Aim of the exercise: Word for word, retype the records below.

-- The data follows --

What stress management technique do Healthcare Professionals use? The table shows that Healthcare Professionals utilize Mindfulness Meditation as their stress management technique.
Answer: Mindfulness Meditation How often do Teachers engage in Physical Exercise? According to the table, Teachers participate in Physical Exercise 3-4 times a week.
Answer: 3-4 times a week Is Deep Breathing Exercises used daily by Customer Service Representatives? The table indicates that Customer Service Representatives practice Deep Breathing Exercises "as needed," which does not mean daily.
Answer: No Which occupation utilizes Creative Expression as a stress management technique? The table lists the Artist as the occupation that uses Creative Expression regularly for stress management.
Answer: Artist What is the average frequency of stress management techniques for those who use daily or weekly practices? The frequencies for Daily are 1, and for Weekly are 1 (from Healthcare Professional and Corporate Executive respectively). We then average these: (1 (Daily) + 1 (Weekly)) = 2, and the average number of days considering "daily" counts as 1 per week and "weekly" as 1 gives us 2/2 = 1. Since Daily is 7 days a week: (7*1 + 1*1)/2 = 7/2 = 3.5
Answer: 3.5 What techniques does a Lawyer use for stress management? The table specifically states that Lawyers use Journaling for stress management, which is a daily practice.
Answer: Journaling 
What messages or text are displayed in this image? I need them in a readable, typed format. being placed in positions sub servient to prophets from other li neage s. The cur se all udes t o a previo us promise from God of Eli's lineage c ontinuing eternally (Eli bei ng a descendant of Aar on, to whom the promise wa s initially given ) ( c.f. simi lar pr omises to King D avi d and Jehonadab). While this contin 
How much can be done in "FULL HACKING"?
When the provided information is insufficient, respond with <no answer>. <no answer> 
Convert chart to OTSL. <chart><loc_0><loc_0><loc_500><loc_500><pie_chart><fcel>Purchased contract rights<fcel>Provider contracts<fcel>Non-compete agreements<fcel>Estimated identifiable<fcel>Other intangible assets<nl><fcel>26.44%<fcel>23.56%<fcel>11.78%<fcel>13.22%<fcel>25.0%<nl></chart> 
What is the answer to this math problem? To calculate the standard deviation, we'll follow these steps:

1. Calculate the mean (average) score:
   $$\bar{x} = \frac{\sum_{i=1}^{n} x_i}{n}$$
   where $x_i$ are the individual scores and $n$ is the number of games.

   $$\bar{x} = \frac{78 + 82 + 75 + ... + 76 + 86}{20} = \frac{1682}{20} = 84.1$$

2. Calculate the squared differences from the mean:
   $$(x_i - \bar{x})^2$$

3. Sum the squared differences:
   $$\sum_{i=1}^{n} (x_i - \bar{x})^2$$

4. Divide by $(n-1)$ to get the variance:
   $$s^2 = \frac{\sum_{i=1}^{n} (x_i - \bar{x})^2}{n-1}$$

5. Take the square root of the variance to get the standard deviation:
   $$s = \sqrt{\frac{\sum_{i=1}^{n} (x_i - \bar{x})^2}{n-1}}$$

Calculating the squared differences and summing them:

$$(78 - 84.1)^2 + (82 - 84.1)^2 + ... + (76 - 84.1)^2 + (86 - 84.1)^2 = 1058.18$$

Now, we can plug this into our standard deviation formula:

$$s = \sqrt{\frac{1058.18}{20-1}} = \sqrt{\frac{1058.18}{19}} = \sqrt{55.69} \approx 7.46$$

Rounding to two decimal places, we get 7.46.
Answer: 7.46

-- The data concluded --

Problem solution:
What stress management technique do Healthcare Professionals use? The table shows that Healthcare Professionals utilize Mindfulness Meditation as their stress management technique.
Answer: Mindfulness Meditation How often do Teachers engage in Physical Exercise? According to the table, Teachers participate in Physical Exercise 3-4 times a week.
Answer: 3-4 times a week Is Deep Breathing Exercises used daily by Customer Service Representatives? The table indicates that Customer Service Representatives practice Deep Breathing Exercises "as needed," which does not mean daily.
Answer: No Which occupation utilizes Creative Expression as a stress management technique? The table lists the Artist as the occupation that uses Creative Expression regularly for stress management.
Answer: Artist What is the average frequency of stress management techniques for those who use daily or weekly practices? The frequencies for Daily are 1, and for Weekly are 1 (from Healthcare Professional and Corporate Executive respectively). We then average these: (1 (Daily) + 1 (Weekly)) = 2, and the average number of days considering "daily" counts as 1 per week and "weekly" as 1 gives us 2/2 = 1. Since Daily is 7 days a week: (7*1 + 1*1)/2 = 7/2 = 3.5
Answer: 3.5 What techniques does a Lawyer use for stress management? The table specifically states that Lawyers use Journaling for stress management, which is a daily practice.
Answer: Journaling 
What messages or text are displayed in this image? I need them in a readable, typed format. being placed in positions sub servient to prophets from other li neage s. The cur se all udes t o a previo us promise from God of Eli's lineage c ontinuing eternally (Eli bei ng a descendant of Aar on, to whom the promise wa s initially given ) ( c.f. simi lar pr omises to King D avi d and Jehonadab). While this contin 
How much can be done in "FULL HACKING"?
When the provided information is insufficient, respond with <no answer>. <no answer> 
Convert chart to OTSL. <chart><loc_0><loc_0><loc_500><loc_500><pie_chart><fcel>Purchased contract rights<fcel>Provider contracts<fcel>Non-compete agreements<fcel>Estimated identifiable<fcel>Other intangible assets<nl><fcel>26.44%<fcel>23.56%<fcel>11.78%<fcel>13.22%<fcel>25.0%<nl></chart> 
What is the answer to this math problem? To calculate the standard deviation, we'll follow these steps:

1. Calculate the mean (average) score:
   $$\bar{x} = \frac{\sum_{i=1}^{n} x_i}{n}$$
   where $x_i$ are the individual scores and $n$ is the number of games.

   $$\bar{x} = \frac{78 + 82 + 75 + ... + 76 + 86}{20} = \frac{1682}{20} = 84.1$$

2. Calculate the squared differences from the mean:
   $$(x_i - \bar{x})^2$$

3. Sum the squared differences:
   $$\sum_{i=1}^{n} (x_i - \bar{x})^2$$

4. Divide by $(n-1)$ to get the variance:
   $$s^2 = \frac{\sum_{i=1}^{n} (x_i - \bar{x})^2}{n-1}$$

5. Take the square root of the variance to get the standard deviation:
   $$s = \sqrt{\frac{\sum_{i=1}^{n} (x_i - \bar{x})^2}{n-1}}$$

Calculating the squared differences and summing them:

$$(78 - 84.1)^2 + (82 - 84.1)^2 + ... + (76 - 84.1)^2 + (86 - 84.1)^2 = 1058.18$$

Now, we can plug this into our standard deviation formula:

$$s = \sqrt{\frac{1058.18}{20-1}} = \sqrt{\frac{1058.18}{19}} = \sqrt{55.69} \approx 7.46$$

Rounding to two decimal places, we get 7.46.
Answer: 7.46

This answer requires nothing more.